------ Material for this task ------

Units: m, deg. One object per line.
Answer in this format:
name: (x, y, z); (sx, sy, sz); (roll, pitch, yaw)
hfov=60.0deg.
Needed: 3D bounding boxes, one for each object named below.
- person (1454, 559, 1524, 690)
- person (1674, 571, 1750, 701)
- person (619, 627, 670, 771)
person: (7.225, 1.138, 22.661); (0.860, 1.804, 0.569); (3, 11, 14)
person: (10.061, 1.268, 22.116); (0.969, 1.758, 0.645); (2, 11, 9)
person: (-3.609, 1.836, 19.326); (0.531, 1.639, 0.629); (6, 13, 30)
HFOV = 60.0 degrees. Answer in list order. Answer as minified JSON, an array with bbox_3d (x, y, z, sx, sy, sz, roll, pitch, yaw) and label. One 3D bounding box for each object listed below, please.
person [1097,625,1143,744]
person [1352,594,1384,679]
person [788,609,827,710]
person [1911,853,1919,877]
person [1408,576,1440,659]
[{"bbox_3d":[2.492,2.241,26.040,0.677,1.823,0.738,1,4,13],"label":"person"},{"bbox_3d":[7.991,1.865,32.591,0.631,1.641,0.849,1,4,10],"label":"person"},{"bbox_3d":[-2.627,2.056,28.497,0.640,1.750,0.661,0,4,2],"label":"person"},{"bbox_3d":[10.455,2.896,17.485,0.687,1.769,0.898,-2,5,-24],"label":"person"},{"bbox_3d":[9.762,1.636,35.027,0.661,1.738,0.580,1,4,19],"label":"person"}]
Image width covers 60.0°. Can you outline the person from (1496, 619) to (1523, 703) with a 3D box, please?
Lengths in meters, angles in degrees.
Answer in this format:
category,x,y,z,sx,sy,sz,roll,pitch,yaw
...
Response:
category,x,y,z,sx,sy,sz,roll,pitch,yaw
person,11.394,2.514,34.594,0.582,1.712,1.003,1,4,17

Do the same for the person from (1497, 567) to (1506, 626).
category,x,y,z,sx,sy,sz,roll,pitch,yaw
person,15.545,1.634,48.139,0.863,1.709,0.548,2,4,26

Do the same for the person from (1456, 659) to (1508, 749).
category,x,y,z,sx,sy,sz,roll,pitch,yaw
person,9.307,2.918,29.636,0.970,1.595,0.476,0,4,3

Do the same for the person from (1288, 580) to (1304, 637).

------

**What to do**
Filter the data for the string "degrees". Copy each matching line.

**Answer box**
HFOV = 60.0 degrees. Answer in list order. Answer as minified JSON, an array with bbox_3d (x, y, z, sx, sy, sz, roll, pitch, yaw) and label. One 3D bounding box for each object listed below, please.
Lengths in meters, angles in degrees.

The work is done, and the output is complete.